Other than storing TempDB, there isn’t anything else I could think of which was transient and would suit storing on the Azure temporary drive.

Add more disks

As the testing with DiskSpd shows, each data disk we attach to our Azure virtual machine provides ~500 IOPS. Different sized Azure VMs allow you to attach different numbers of data disks. We’re using a relatively large virtual machine (an A6) so can attach up to 8 additional disks. How we use these disks is where things get interesting:

  • We could attach disks, allocate each a drive letter, then move SQL databases and log files on to their own drives. For example; one drive for content database log files, one for search databases, one for content databases and one for all the other databases). This would give 500 IOPS to each.
  • We could attach multiple disks, then use Storage Spaces to pool them all, creating a single volume made up of multiple disks. This one disk would have a higher number of IOPS, although it isn’t a linear 500*number-of-disks relationship. I tested 1, 2, 3 and 4 disks pooled and found IOPS went from 492, to 963, to 1434, to 1919.
  • Finally, we could use a hybrid of the two outlined approaches: for performance dependent files pool multiple disks, for less IOPS sensitive data, use just a couple of pooled disks, and for latency agnostic requirements, use single disks.

Note: it’s important to remember that where Storage Spaces is sometimes used to provide resiliency through RAID like features such as Mirroring and Parity, we’re only interested in the performance improvements it gives us – resiliency is afforded through the underlying Azure infrastructure (whereby writes to VHDs are replicated synchronously to 3 locations in the current datacenter and potentially to a further 3 locations in a paired datacenter asynchronously).

Use an Azure virtual machine with faster storage

Instead of an ‘A’ series virtual machine, we could look at using the already available ‘D’ series. The primary difference these offer is an SSD based temp disk. From the performance figures the ‘D’ series disks return, we see a slight increase in performance of the OS disk and a frankly staggering performance of the temp disk. Although they’re considerably more expensive, the faster storage included with a ‘D’ series VM would clearly help.

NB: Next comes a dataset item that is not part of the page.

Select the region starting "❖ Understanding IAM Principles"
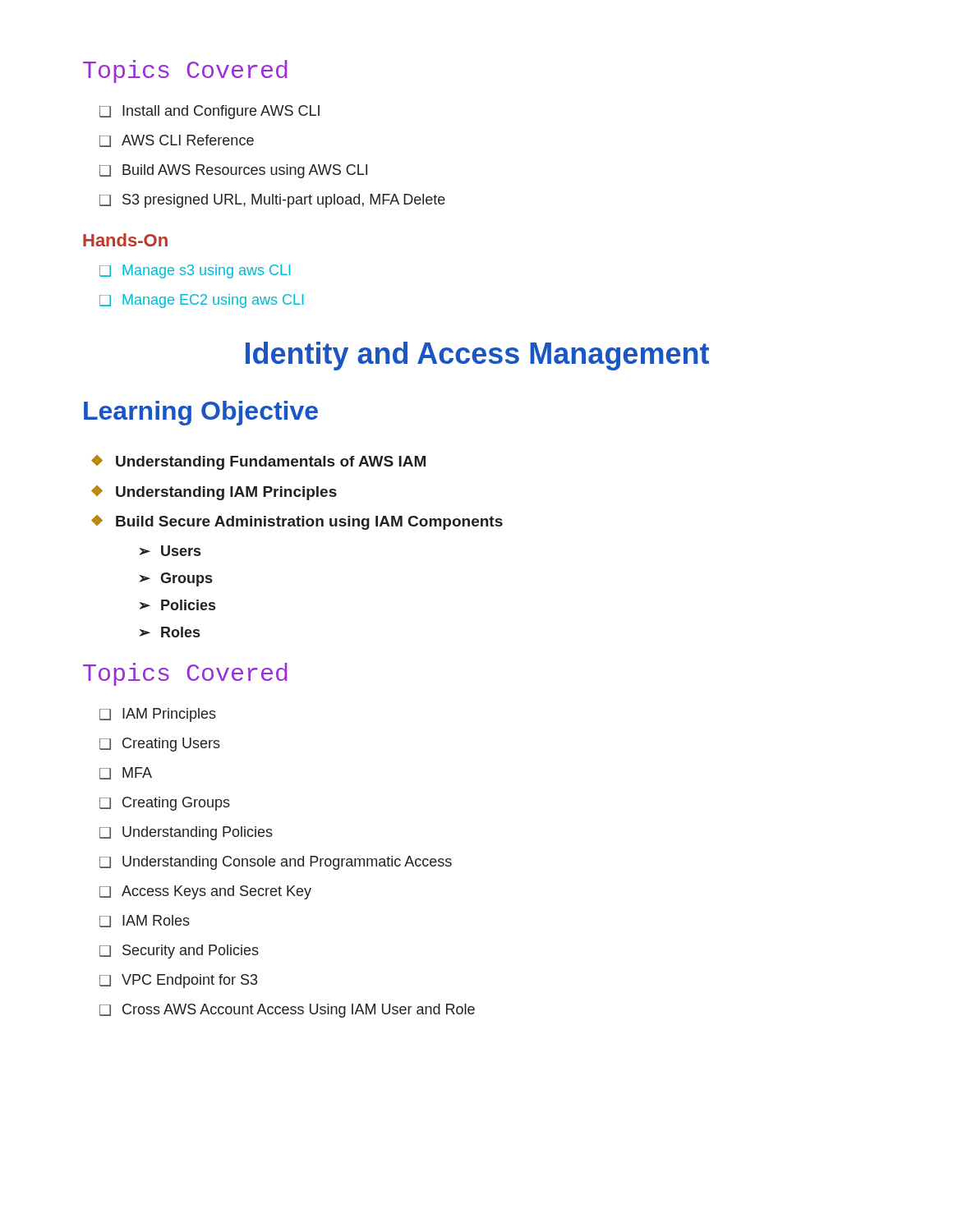pos(214,492)

Incidentally, Microsoft recently announced a new tier of virtual machines called the ‘G’ series. These are primarily billed as providing larger local SSD storage options. For our purposes, (where we can only really take advantage of the temp disk for our SQL Server’s TempDB), I don’t think this will help us much.

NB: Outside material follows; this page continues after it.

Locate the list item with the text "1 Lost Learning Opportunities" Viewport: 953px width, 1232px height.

When they announced the ‘G’ series VMs, Microsoft also announced a new, SSD based, ‘Premium Storage’ offering. Details are trickling out but it sounds like we will be able to use employ those techniques already described, (attaching additional data disks – this time SSDs – and striping across them using Storage Spaces), to provide very fast storage for our SQL requirements.

Consider another cloud provider

The final approach to consider, if we want to provision a virtual machine with potentially faster storage, is an entirely different public cloud provider. Among the options is Amazon’s AWS offering. I haven’t used AWS a huge amount but their i2.xlarge VM instance offers 4 CPUs, 30GB of RAM and a single 800GB SSD which sounds a great fit for what we need.

SQL legend Brent Ozar recently performed some testing of AWS VM performance and compared and contrasted it with Azure. His findings, for the specific scenario he considers, show AWS to be cheaper and better performing.

Conclusion

We can either increase the IOPS available to our virtual machine for little additional cost by adding disks, striping across them & reconfiguring SQL to spread the load across them or we can look to take advantage of higher performance public cloud storage – though this may incur an increased cost.

For my own scenario, I can see that having a SharePoint development environment which works reasonably well and can be spun up quickly will enable developers to start work right away whilst appropriate hardware is ordered and provisioned for them to use on-premises in the longer term.